Israeli leader: Files prove Iran lied about nuclear weapons
JERUSALEM — Israeli Prime Minister Benjamin Netanyahu on Monday said Israel is in possession of tens of thousands of documents and discs that prove that Iran lied about the history of its nuclear weapons program when it signed the 2015 nuclear deal.
In a televised speech from Tel Aviv, Netanyahu dramatically pulled a curtain away from a shelf of files that he said were copies of some of the 55,000 documents that Israel had obtained from Iran’s secret nuclear archive. Most of the documents, as described, dated from 2003 and before, when Iran had a clandestine weapons development program dubbed “Project Amad.”
The allegation comes at a critical time for the nuclear deal, just ahead of a May 12 deadline for President Donald Trump to decide whether to continue to waive statutory sanctions that were lifted as part of the agreement. Netanyahu has waged a fierce campaign for the deal to be changed or scrapped, often repeating the mantra “fix it or nix it” — concerned that it will enable its archrival to come closer to developing a nuclear weapon.
Trump, speaking at a Washington news conference with the president of Nigeria, said Netanyahu’s revelations “showed that I’ve been 100 percent right” in describing the nuclear agreement as the “worst deal” ever signed. “We’ll see what happens,” he said of the deadline.

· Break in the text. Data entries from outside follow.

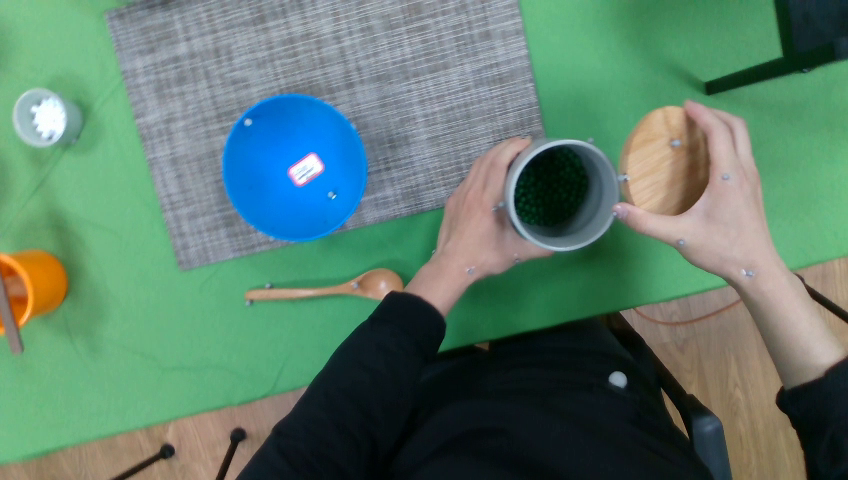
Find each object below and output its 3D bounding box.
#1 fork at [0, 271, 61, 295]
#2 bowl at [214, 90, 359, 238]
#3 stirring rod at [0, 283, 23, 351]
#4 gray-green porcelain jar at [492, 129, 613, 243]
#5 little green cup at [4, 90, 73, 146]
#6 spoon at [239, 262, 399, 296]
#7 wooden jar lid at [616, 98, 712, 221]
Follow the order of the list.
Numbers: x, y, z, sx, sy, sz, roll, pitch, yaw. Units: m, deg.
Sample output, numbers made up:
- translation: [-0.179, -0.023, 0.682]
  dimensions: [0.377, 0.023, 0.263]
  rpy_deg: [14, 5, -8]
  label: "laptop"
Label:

Richard Nephew, a former senior State Department official who was part of the U.S. team that negotiated the deal implemented in January 2016, said Netanyahu’s revelations were “interesting, and important for building a history of (Iran’s) program. But it is not a new revelation, at least in terms of where the program was when we were negotiating.”
“To put it another way,” he said, “it is why we negotiated the JCPOA,” or Joint Comprehensive Plan of Action.
“What he is revealing with all this detail is not news,” said Daryl Kimball, executive director of the Arms Control Association. “The fact that Iran has experimented with nuclear warhead designs, and had at one point an active weapons program, makes it all the more essential that the JCPOA remains in place to prevent Iran from quickly amassing enough fissile material for even one bomb.”
“It is ludicrous to recommend ... that the deal should be dismantled, which would open a pathway for Iran to pursue” a nuclear weapon, Kimball said.
Iranian officials have said that if the deal is canceled, they would quickly increase both the quantity and quality of centrifuges, now restricted under the deal, which would allow them theoretically to produce weaponsgrade uranium.
In a dramatic presentation, Netanyahu stood on a stage with a pointer. To one side was a bookcase filled with shelves of files that he said were Iran’s secret nuclear records, apparently obtained through a covert operation by Israeli intelligence.
Netanyahu said they showed conclusively that Iran had not “come clean” on its program. Iran has repeatedly insisted that it never has had and never would have a nuclear weapons program.
The documents indicated that Iran had been proceeding with “five key elements of a nuclear weapons program,” he said, including designing a weapon, developing nuclear cores and building implosion systems, preparing test sites and integrating nuclear warheads on ballistic missiles.
“These files conclusively prove that Iran is brazenly lying when it says it never has a nuclear weapons program,” Netanyahu said. “We’ve shared this material with the United States and the United States can vouch for its authenticity.”
The International Atomic Energy Agency, charged with monitoring the deal, has said Iran has complied with its terms, an assessment the Trump administration has not disputed. But Trump has cited the sunset clauses in the agreement, its monitoring and verification provisions, and its failure to address Iran’s ballistic missile program.